Open BoiAkay opened 1 year ago

BoiAkay commented 1 year ago

can anyone please help me how to generate single_caption_per_sample_val.json file as mentioned in embeddings_generator.py file as shown below annotations_path = f'/home/gamir/DER-Roei/davidn/myprivate_coco/annotations/single_caption_per_sample_val.json'

DavidHuji commented 1 year ago

Hi, here are the instructions. Please let me know if you encounter any issue.

gWeiXP commented 11 months ago

Hi, here are the instructions. Please let me know if you encounter any issue.

Hi, I had the same problem, I didn't get single_caption_per_sample_val.json, and what does it mean to set dataset_mode to 0.5, 1.5, 2.5, etc. in embeddings_generator.py ?

gWeiXP commented 10 months ago

I gave up, I found other code on GitHub and then conducted an evaluation, referring to https://github.com/jmhessel/clipscore. Simply save the generated descriptions and label descriptions into two lists, refer to clipscore.py.

DavidHuji commented 10 months ago

Hi, sorry for the confusion. The json (single_caption_per_sample_val) holds the captions data (per id) and it is generated in the script of parse_karpathy. So once you download the data from the sources I mentioned in the readme, you can use the script of parse_karpathy to pre-process it and to generate a json that is in the format of single_caption_per_sample_val. Then you can simply use that json as the input for the embeddings_generator. The different dataset_mode s in the embeddings_generator are just something internal for me that was useful since I wanted have mode per dataset (for me it is easier to manage the different ~10 paths) but you can definitely ignore it and just have your own json and assign it there to 'annotations_path'. Hope it is helpful. Once I have some free time I'll update the code to make it easier to use.

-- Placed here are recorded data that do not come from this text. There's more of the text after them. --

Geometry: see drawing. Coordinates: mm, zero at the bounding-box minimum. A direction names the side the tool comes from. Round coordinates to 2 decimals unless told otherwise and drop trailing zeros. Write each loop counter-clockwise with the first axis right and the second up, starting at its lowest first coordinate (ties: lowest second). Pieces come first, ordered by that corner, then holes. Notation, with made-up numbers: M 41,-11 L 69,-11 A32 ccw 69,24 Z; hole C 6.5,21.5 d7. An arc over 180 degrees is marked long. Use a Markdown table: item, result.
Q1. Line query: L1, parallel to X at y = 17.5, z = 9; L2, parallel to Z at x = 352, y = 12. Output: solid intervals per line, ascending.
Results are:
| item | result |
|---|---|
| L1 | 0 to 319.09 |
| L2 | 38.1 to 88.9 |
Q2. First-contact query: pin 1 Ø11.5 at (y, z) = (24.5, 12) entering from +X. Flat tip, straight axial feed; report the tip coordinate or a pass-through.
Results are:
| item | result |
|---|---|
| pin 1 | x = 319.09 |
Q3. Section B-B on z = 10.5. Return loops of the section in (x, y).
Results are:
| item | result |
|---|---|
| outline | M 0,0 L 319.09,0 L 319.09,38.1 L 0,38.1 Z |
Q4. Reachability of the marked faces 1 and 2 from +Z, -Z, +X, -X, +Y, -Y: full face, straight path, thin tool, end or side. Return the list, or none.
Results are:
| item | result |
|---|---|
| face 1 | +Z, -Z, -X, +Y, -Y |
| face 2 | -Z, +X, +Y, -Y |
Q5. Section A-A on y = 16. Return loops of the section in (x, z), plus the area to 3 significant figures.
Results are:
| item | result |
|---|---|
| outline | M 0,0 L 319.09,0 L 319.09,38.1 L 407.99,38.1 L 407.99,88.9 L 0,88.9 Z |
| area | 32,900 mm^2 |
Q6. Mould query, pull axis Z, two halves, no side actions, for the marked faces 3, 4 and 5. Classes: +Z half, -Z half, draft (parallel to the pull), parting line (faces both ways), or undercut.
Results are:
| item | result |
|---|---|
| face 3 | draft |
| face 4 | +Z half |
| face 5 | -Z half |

qq123aa456 commented 10 months ago

Hi, sorry for the confusion. The json (single_caption_per_sample_val) holds the captions data (per id) and it is generated in the script of parse_karpathy. So once you download the data from the sources I mentioned in the readme, you can use the script of parse_karpathy to pre-process it and to generate a json that is in the format of single_caption_per_sample_val. Then you can simply use that json as the input for the embeddings_generator. The different dataset_mode s in the embeddings_generator are just something internal for me that was useful since I wanted have mode per dataset (for me it is easier to manage the different ~10 paths) but you can definitely ignore it and just have your own json and assign it there to 'annotations_path'. Hope it is helpful. Once I have some free time I'll update the code to make it easier to use. Thank you so much for your reply,could you please give us some instructions on how to get scores,like bleu,cider?

qq123aa456 commented 10 months ago

@wxpqq826615304 I'll try this,thanks